Events: billing.payment_intent.created, .succeeded, .failed, billing.invoice.created|paid|voided, billing.subscription.created|changed|canceled, billing.dunning.stage_advanced|resolved, billing.payout.initiated|completed|failed, billing.webhook.received|processed|rejected, billing.refund.processed.

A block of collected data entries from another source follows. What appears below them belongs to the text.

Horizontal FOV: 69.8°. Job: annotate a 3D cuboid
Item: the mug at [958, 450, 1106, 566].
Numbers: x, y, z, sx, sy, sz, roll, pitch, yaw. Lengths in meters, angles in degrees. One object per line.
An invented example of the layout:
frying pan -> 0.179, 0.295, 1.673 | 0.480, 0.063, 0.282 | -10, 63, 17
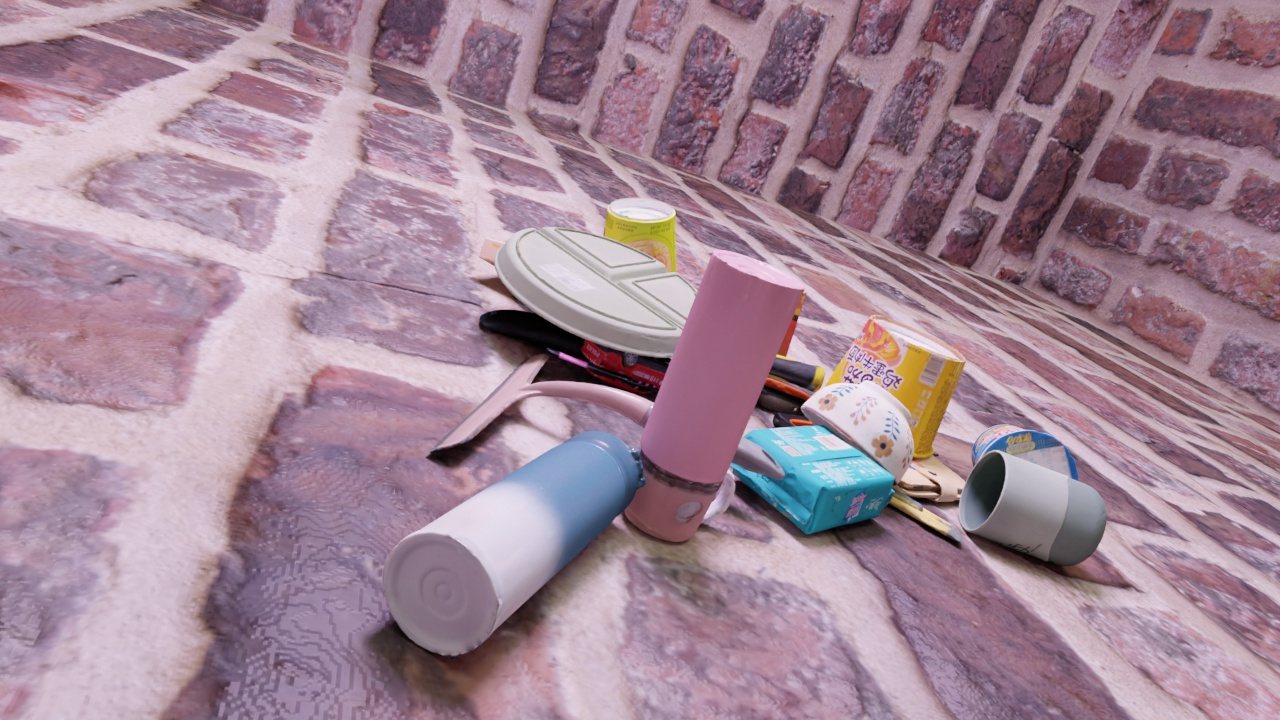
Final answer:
mug -> 0.366, 0.143, 0.872 | 0.106, 0.082, 0.112 | 20, -14, -3

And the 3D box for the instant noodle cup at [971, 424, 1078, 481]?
instant noodle cup -> 0.396, 0.112, 0.972 | 0.099, 0.099, 0.109 | 23, 10, 6

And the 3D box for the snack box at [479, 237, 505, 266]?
snack box -> -0.096, -0.099, 1.039 | 0.157, 0.026, 0.084 | 16, -4, 18

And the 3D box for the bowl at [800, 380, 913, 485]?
bowl -> 0.214, 0.059, 0.866 | 0.113, 0.062, 0.113 | 42, -3, 3

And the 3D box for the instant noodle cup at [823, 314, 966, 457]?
instant noodle cup -> 0.271, 0.022, 0.977 | 0.138, 0.110, 0.138 | 21, 16, -7

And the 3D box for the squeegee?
squeegee -> -0.004, 0.046, 0.727 | 0.249, 0.040, 0.247 | 15, 16, 4

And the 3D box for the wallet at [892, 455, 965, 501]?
wallet -> 0.281, 0.115, 0.931 | 0.115, 0.024, 0.087 | 10, 22, -35

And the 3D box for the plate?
plate -> -0.031, -0.075, 0.910 | 0.230, 0.028, 0.229 | 18, 25, -9

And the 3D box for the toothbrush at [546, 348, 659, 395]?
toothbrush -> -0.006, 0.018, 0.850 | 0.189, 0.018, 0.014 | 22, 7, -31

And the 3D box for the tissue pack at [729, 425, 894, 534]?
tissue pack -> 0.145, 0.099, 0.777 | 0.133, 0.050, 0.093 | 2, 27, -45

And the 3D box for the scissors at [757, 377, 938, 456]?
scissors -> 0.224, 0.078, 0.985 | 0.229, 0.022, 0.189 | 26, 22, 5

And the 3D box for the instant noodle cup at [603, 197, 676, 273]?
instant noodle cup -> -0.004, -0.125, 1.095 | 0.111, 0.124, 0.111 | 3, 29, -2

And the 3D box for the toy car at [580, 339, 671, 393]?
toy car -> -0.005, 0.005, 0.887 | 0.120, 0.045, 0.053 | 17, 18, -38

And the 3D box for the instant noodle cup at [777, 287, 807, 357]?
instant noodle cup -> 0.136, -0.060, 1.134 | 0.138, 0.109, 0.137 | 20, 17, -7

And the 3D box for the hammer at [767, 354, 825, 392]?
hammer -> 0.039, -0.024, 0.971 | 0.323, 0.032, 0.126 | 17, 4, -3

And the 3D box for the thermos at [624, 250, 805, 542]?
thermos -> 0.053, 0.029, 0.632 | 0.087, 0.199, 0.067 | 8, 20, -31

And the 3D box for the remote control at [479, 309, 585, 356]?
remote control -> -0.093, -0.029, 0.921 | 0.136, 0.024, 0.053 | 16, 16, -18

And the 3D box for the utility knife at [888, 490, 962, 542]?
utility knife -> 0.226, 0.125, 0.862 | 0.166, 0.018, 0.030 | 25, 12, 26

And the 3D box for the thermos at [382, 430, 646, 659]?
thermos -> -0.062, 0.094, 0.538 | 0.070, 0.070, 0.220 | 26, 17, 13

Redact: PAN (never logged), CVV (never stored), full address (hashed).

2. Metrics

RED

  • billing_api_requests_total{endpoint,status} counter
  • billing_api_duration_seconds{endpoint} histogram

Domain

  • billing_payments_total{status} counter
  • billing_payments_amount_micro_total{currency,status} counter
  • billing_refunds_total{reason} counter
  • billing_subscriptions_created_total{plan} counter
  • billing_subscriptions_active gauge
  • billing_dunning_active gauge
  • billing_payouts_total{status} counter
  • billing_webhook_processing_duration_seconds histogram
  • billing_webhook_failures_total{reason} counter
  • billing_mrr_micro gauge (monthly recurring revenue)
  • billing_arr_micro gauge (annual recurring revenue)
  • billing_churn_rate gauge

Reconciliation

  • billing_reconciliation_variance_micro gauge (difference between our ledger and Stripe's)
  • billing_reconciliation_last_run_timestamp gauge

3. Traces

Spans: billing.payment.create_intent, billing.payment.confirm, billing.invoice.finalize, billing.subscription.renew, billing.payout.create, billing.webhook.process.

4. Dashboards

  • Revenue: MRR/ARR trend, payment success rate, refund rate.
  • Dunning: active processes, stage distribution, resolution rate.
  • Payouts: upcoming, completed, failures.
  • Webhooks: throughput, latency, DLQ.
  • Reconciliation: variance over time.

5. Alerts

AlertThresholdSeverity
payment-failure-rate-spike> 5% in 10 minP2
webhook-failure-rate> 1% in 10 minP1
webhook-lagp99 > 30sP2
reconciliation-variance> $100P1
payout-failedanyP2
dunning-not-advancingprocess > 14 daysP3
mrr-drop> 5% day-over-dayP2
kms-failure> 5 fail / 1 minP1

6. SLOs

SLITarget
Payment intent p95< 500ms
Webhook processing p95< 200ms
Webhook success rate≥ 99.9%
Reconciliation variance< 0.01%
Invoice generation p95< 5s

7. Business Metrics

  • Daily: GMV, net revenue, refunds, payouts.
  • Monthly: MRR, ARR, churn, expansion.
  • Per-tenant: revenue, refund rate.